Exploring wonder

In art and self-expression, my primary motivation is to inspire wonder. There’s of course also the deep psychological aspect of art, where half-conscious material from the mind can be sublimated into something… sublime… however when it comes to my motivation, the reason I want to explore, to learn and to get better at art, it always comes back to wonder. So taking a closer look at wonder might be a good idea.

There are multiple definitions of wonder from various scholars of art, but it might be easier to define it for ourselves by finding instances when we experienced it, rather than by finding a general description. I know that my personal understanding of wonder has to do with a sense of momentary incredulity. A sense of “does this really exist, or am I dreaming?” Of suddenly finding myself in a storybook.

I vividly remember a profound moment of wonder that was connected to a rather mundane experience. As a teenager I was at a music festival, and I went exploring in the park areas of the festival grounds. It was a dark forested area with trails lit by colorful paper lanterns. The colors of a light painting installation were cast in broken shards across the foliage, and a taste of incense and chill music was on the air. Along with the unique people around me, at that moment I felt like I was in a magical maze in a storybook, where adventure and beauty lives all around me.

If I break it down, the festival was a rather mainstream, commercial event; the park was unkempt and average; the lights were pretty simple, just a ready-bought festive lantern chain from a Chinese store; the light painting was aimed somewhere else; ultimately, there was no artistic genius or true natural magnificence behind my sense of wonder, and yet it was real and complete.

Thinking back at an exhibition by contemporary painter Attila Szűcs, I can recall a very similar sensation. His art is visually realistic, often based on photographs, but with a dream-like quality added to them. There’s a level of mystery to his work, a sense of not being quite sure what one is truly looking at. A middle-aged man in shirt and tie, standing knee-deep in water in a nothingness of whites and greys. A teenage boy in amidst lantern-lit trees, himself decorated with lanterns like a human Christmas tree. A fighter airplane, or the ghost of one, resting erotically on a freshly made bed.

According to an interview, he often paints in a meditative state, and at least for me, it seems his work invites the viewer to experience a mirror to that state, to mentally step into the frame, and get lost in this strangely detached dreamworld, foreboding and beautiful. And somehow it feels like that this component of mystery, or openness, really contributes to true wonder. The sense of there being “more than you can encompass with your senses”. The sense of being invited to imagine an entire universe through a single, surreal glimpse.

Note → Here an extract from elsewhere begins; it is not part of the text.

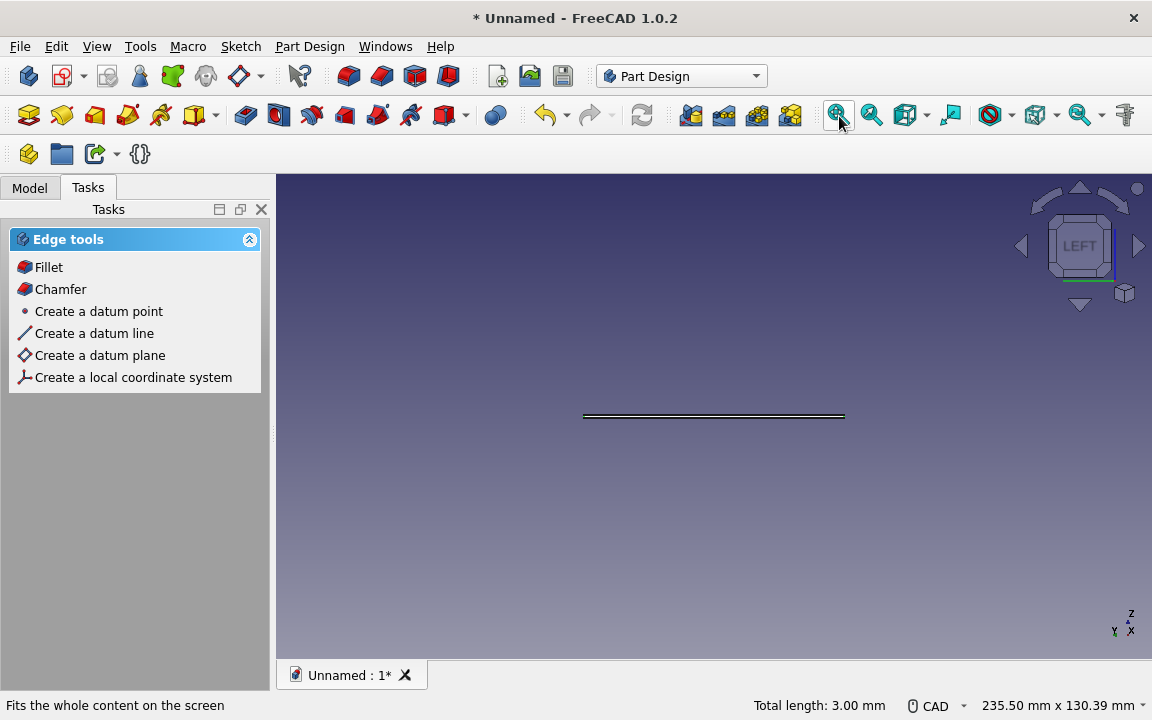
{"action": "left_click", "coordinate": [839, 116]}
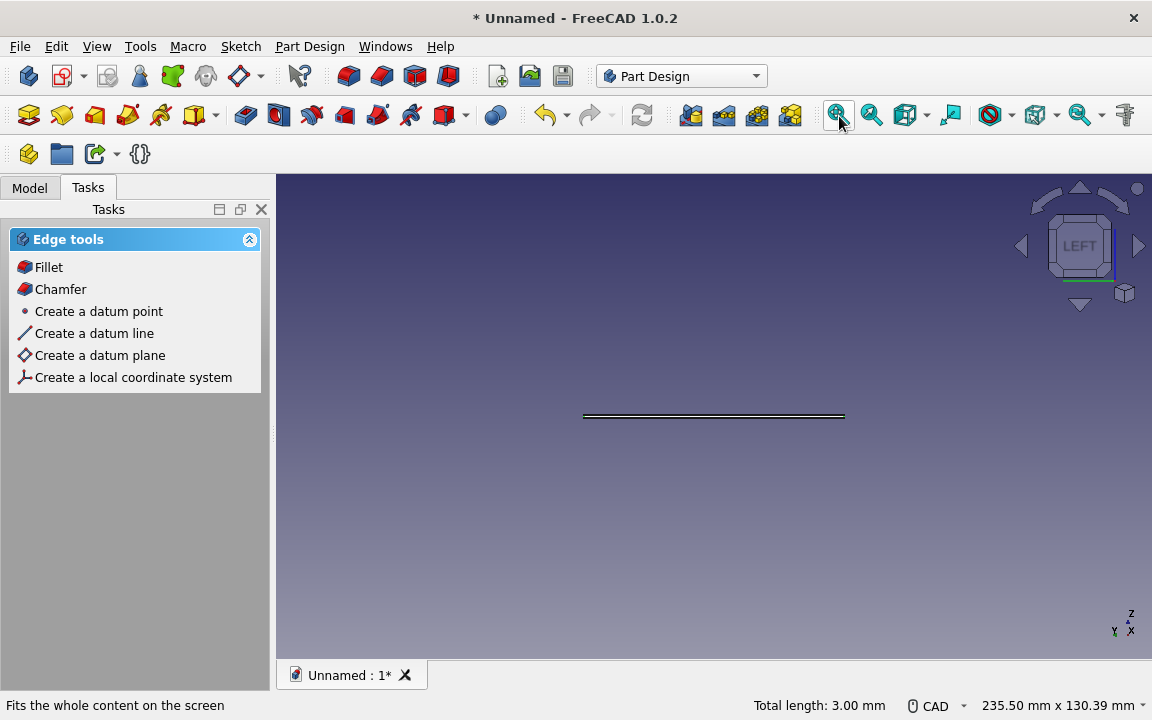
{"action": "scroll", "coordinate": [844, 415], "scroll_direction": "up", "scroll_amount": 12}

So one wonders (sry for the pun) what exactly links the sensation of getting lost at a music festival, and seeing surreal and magical paintings. I might be jumping the gun here, but there is a sense of reality opening up, a sense of discovery, of new horizons. And that’s where I think true wonder and simple amazement diverge.

Consider for a moment magic tricks; if they are executed properly, they are obviously amazing. Where did the coin go? Where did it come from? Wow! Amazing! However, it takes a master performer to make them wondrous. To hold your attention. It’s sad, but most of circus can get somewhat boring, even though it’s a group of arts all about amazement. Reading this book on clowning (Clowns by Ezra Lebank & David Bridel), it was interesting to read that many of the greatest masters in the art of clowning today say that they weren’t really into circus as kids. Thinking about it, it’s no big surprise, as a kid I was also often bored at circus.

Amazement can be overloaded. Also, in and of itself it’s not all that interesting. Watching the olympics is only interesting at length if one is invested in national pride connected to it, or as a fellow athlete, can truly relate to the level of refinement exhibited at world class level. Otherwise, it’s just hairless monkeys running in circles. You can see that on the playground. Sure, the don’t run as fast, but who cares, at least the kids are being cute while doing it.

I see the success of Cirque du Soleil in no other thing than the fact that they put wonder back in circus. It’s no longer just amazing feats of skill following each other, it’s a story, a whole world told through the language of amazing feats of skill. I think there really may be something to my idea of “opening up reality”.

I started writing this post mainly as a way to rehash my opinions to myself as well as my readers, and I do think I may have grasped something that I was only vaguely feeling before. And there’s some really good news in here for everyone who’s a burner. It’s a lot easier to create wonder at a burn than it is in a circus. The burn is open. It’s participatory. It’s an experiment in how to create, in how to be artists and humans. It carries its own level of wonder, that we can piggyback on.